Comprehensive de novo structure prediction in a systems-biology context for the archaea Halobacterium sp. NRC-1
Institute for Systems Biology, Seattle, WA 98103-8904, USA
Genome Biology 2004, 5:R52 doi:10.1186/gb-2004-5-8-r52Published: 12 July 2004
Large fractions of all fully sequenced genomes code for proteins of unknown function. Annotating these proteins of unknown function remains a critical bottleneck for systems biology and is crucial to understanding the biological relevance of genome-wide changes in mRNA and protein expression, protein-protein and protein-DNA interactions. The work reported here demonstrates that de novo structure prediction is now a viable option for providing general function information for many proteins of unknown function.

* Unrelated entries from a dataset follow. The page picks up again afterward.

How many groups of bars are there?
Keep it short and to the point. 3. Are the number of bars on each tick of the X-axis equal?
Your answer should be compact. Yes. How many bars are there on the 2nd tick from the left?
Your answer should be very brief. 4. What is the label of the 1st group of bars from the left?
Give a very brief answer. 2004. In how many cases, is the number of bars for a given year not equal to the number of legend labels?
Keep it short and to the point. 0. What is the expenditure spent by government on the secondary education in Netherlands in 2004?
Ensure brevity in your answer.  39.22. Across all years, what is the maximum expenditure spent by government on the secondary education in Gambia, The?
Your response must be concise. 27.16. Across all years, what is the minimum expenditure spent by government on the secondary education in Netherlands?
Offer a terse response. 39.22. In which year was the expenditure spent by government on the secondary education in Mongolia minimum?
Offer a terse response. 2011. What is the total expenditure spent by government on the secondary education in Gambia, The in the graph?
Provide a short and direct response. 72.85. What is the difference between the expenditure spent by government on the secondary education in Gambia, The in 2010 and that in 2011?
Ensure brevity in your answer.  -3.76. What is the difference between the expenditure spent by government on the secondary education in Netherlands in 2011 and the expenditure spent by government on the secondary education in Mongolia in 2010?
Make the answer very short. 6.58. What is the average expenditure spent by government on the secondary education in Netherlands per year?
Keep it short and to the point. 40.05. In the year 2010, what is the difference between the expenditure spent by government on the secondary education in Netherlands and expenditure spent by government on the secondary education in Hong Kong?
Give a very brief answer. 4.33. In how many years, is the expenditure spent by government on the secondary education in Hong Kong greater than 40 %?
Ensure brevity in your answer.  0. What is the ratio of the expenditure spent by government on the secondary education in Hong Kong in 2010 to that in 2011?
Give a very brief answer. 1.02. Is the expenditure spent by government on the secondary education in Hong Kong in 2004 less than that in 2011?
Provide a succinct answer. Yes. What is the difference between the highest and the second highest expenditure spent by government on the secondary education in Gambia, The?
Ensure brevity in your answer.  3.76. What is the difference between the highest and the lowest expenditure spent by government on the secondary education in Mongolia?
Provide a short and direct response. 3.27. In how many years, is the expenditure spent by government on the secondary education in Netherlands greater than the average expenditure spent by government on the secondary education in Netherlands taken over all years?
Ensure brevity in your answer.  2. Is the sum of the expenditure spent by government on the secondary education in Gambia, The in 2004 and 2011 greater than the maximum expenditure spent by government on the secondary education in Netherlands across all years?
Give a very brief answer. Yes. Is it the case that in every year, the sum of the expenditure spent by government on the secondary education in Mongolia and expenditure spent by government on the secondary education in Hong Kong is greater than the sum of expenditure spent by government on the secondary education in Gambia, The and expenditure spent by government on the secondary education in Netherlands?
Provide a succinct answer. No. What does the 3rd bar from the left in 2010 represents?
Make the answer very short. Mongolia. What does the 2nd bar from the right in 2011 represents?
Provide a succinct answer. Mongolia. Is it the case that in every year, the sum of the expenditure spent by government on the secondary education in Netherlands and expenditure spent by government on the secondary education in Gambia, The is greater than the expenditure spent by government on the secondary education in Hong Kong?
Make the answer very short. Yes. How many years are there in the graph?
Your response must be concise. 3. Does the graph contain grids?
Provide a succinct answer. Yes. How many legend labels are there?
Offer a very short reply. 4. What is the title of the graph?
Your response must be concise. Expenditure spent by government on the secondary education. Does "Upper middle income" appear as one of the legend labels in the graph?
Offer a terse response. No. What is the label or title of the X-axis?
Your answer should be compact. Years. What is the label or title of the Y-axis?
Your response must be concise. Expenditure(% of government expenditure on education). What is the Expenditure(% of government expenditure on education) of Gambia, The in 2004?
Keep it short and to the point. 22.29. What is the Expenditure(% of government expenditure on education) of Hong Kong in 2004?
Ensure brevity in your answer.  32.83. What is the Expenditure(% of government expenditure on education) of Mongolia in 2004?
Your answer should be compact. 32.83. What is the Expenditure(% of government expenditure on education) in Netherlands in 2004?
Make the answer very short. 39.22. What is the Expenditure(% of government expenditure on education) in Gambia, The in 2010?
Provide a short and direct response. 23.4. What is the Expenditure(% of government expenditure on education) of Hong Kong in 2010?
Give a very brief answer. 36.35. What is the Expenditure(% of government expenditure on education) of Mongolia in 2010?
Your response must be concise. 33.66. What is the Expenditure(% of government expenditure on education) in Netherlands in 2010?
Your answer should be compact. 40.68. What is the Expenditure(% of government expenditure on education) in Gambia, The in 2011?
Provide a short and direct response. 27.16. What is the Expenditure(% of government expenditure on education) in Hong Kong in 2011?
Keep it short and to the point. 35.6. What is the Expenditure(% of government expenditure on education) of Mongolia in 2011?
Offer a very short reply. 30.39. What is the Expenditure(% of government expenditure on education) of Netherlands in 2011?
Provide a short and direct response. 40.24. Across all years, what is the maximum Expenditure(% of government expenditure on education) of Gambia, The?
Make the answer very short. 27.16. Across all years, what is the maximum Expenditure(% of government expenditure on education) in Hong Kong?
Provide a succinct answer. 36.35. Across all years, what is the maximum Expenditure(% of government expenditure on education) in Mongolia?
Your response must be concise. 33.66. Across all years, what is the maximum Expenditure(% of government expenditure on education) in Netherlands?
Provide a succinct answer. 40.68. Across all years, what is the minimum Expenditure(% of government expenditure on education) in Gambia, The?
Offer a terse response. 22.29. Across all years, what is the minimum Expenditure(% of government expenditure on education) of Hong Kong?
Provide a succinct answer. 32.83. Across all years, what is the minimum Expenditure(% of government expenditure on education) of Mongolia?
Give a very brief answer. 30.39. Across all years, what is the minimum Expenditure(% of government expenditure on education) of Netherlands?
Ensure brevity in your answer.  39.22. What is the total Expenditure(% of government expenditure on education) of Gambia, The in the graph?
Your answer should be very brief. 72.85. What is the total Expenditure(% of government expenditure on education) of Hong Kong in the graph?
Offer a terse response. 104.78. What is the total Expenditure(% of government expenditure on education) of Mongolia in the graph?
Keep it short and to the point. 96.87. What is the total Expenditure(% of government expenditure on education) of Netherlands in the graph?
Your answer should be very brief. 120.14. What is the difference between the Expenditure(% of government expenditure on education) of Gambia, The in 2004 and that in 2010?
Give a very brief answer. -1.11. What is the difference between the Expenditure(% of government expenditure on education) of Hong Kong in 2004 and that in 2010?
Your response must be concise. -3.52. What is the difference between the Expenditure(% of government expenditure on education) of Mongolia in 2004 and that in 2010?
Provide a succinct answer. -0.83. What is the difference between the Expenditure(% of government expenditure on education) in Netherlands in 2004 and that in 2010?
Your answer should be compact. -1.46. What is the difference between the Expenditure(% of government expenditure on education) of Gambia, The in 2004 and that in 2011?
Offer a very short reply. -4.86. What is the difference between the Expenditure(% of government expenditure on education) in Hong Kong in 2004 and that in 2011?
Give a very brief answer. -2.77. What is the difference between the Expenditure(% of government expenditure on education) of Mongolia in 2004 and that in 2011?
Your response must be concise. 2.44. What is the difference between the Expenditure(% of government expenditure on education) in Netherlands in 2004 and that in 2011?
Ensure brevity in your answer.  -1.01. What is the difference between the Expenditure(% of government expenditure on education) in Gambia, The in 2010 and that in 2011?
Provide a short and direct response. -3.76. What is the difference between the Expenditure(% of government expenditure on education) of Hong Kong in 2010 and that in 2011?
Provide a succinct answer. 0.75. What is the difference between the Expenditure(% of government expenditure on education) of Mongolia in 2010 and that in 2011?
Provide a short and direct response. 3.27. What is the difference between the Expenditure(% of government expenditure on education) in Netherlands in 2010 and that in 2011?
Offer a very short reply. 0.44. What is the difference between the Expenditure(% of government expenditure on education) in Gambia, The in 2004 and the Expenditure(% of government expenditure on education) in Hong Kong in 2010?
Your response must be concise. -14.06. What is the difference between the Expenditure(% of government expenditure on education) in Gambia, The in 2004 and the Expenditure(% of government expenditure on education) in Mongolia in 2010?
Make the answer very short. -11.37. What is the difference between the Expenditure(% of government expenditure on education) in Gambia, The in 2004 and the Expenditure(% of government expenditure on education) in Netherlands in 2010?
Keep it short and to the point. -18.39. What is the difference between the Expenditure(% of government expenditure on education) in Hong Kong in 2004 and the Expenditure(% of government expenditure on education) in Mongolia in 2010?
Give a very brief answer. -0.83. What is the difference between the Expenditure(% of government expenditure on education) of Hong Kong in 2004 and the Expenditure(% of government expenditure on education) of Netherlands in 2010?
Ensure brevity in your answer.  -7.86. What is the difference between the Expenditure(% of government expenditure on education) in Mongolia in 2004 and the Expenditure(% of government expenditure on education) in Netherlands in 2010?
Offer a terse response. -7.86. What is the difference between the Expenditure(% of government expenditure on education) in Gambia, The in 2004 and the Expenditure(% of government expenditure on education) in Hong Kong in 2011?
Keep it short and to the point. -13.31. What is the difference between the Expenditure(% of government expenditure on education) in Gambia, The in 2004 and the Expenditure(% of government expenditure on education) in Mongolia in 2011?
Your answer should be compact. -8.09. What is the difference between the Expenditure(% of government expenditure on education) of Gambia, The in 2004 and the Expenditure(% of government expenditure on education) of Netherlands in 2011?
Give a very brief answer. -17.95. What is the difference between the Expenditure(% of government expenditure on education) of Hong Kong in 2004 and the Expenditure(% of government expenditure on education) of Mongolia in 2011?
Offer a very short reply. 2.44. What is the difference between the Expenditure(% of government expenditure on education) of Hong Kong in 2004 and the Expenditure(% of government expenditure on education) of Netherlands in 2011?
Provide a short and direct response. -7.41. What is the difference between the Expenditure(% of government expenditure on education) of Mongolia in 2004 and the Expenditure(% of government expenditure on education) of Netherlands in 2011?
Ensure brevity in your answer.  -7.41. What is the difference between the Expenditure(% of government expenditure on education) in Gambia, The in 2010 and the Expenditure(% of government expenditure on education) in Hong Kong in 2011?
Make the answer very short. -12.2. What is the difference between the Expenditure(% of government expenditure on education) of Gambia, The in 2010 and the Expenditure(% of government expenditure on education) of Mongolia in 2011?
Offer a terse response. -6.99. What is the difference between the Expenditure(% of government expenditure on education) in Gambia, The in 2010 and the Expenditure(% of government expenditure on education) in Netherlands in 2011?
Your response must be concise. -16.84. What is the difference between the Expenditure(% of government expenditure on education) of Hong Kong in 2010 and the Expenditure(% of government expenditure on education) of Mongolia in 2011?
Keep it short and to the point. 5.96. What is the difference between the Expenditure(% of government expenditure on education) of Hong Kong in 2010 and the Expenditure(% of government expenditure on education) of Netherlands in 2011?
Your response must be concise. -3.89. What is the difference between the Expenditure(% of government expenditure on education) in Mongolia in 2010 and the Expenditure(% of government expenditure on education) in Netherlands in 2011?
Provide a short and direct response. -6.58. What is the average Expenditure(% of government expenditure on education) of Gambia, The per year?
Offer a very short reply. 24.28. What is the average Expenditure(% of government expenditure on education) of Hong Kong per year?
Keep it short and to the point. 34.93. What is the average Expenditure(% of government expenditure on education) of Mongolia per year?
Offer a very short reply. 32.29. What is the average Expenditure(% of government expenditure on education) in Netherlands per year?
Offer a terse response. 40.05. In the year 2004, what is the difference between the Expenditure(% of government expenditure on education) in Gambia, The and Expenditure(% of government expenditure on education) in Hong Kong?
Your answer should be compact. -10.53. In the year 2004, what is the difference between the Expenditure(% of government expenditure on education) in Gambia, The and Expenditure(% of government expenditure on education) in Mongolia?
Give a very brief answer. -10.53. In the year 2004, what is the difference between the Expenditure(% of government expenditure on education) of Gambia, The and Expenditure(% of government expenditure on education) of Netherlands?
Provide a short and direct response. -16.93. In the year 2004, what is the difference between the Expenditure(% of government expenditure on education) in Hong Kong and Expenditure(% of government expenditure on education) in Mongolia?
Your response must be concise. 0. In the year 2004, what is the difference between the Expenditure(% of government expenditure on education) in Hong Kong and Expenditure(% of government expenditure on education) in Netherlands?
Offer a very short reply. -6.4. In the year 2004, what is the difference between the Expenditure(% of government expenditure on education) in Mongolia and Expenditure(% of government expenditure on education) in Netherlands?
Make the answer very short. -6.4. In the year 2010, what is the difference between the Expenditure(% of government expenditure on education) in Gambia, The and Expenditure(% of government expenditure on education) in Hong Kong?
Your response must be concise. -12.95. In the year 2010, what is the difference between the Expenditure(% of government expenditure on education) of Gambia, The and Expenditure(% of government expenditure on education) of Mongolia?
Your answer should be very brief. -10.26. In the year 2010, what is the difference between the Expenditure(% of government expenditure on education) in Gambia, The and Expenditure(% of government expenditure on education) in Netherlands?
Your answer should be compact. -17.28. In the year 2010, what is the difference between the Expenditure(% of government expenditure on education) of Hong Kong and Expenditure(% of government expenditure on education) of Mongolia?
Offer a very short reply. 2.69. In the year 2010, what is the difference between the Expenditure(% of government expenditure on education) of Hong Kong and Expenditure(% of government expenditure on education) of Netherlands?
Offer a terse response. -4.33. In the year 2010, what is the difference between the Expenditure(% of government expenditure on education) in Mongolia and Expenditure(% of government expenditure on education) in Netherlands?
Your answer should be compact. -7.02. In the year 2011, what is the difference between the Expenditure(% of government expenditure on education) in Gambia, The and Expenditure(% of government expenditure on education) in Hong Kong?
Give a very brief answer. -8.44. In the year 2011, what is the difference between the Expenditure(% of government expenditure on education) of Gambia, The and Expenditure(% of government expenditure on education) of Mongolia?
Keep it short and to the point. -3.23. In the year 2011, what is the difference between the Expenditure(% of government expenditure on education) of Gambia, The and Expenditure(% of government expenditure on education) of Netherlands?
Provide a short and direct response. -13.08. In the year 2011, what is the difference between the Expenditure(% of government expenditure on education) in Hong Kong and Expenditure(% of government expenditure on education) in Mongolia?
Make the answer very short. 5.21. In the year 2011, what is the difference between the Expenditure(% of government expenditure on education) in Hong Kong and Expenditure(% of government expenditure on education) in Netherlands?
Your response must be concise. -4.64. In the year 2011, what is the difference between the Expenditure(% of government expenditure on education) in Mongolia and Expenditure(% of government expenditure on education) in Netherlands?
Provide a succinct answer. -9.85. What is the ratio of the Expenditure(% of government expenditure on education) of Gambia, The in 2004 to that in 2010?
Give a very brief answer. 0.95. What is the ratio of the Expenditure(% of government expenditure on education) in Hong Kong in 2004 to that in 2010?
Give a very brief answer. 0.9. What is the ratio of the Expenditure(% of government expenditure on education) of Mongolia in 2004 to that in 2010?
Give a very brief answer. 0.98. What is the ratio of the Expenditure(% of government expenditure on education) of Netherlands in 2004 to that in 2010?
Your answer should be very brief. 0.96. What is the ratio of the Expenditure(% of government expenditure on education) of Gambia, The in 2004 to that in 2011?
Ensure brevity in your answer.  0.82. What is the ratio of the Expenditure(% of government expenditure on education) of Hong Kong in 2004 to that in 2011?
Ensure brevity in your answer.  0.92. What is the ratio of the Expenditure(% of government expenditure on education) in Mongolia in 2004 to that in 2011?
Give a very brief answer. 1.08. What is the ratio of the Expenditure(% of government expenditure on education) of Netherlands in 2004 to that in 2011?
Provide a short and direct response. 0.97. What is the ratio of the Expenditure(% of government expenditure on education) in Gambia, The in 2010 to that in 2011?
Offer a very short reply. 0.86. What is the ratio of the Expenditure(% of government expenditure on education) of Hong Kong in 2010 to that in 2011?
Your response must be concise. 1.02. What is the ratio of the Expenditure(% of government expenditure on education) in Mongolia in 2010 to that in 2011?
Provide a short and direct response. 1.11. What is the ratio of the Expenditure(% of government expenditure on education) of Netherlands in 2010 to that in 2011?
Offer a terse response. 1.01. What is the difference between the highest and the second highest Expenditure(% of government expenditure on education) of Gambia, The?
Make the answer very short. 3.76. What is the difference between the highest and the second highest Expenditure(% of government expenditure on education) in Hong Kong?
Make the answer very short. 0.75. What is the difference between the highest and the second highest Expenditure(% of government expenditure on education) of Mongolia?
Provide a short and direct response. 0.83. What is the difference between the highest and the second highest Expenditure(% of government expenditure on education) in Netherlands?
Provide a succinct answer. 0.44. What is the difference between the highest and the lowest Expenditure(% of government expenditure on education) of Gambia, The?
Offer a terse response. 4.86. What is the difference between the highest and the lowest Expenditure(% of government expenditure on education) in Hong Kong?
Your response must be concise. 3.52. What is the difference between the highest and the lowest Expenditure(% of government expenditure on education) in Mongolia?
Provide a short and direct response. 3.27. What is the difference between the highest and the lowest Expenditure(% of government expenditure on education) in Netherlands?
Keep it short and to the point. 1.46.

We have used Rosetta de novo structure prediction to predict three-dimensional structures for 1,185 proteins and protein domains (<150 residues in length) found in Halobacterium NRC-1, a widely studied halophilic archaeon. Predicted structures were searched against the Protein Data Bank to identify fold similarities and extrapolate putative functions. They were analyzed in the context of a predicted association network composed of several sources of functional associations such as: predicted protein interactions, predicted operons, phylogenetic profile similarity and domain fusion. To illustrate this approach, we highlight three cases where our combined procedure has provided novel insights into our understanding of chemotaxis, possible prophage remnants in Halobacterium NRC-1 and archaeal transcriptional regulators.
Simultaneous analysis of the association network, coordinated mRNA level changes in microarray experiments and genome-wide structure prediction has allowed us to glean significant biological insights into the roles of several Halobacterium NRC-1 proteins of previously unknown function, and significantly reduce the number of proteins encoded in the genome of this haloarchaeon for which no annotation is available.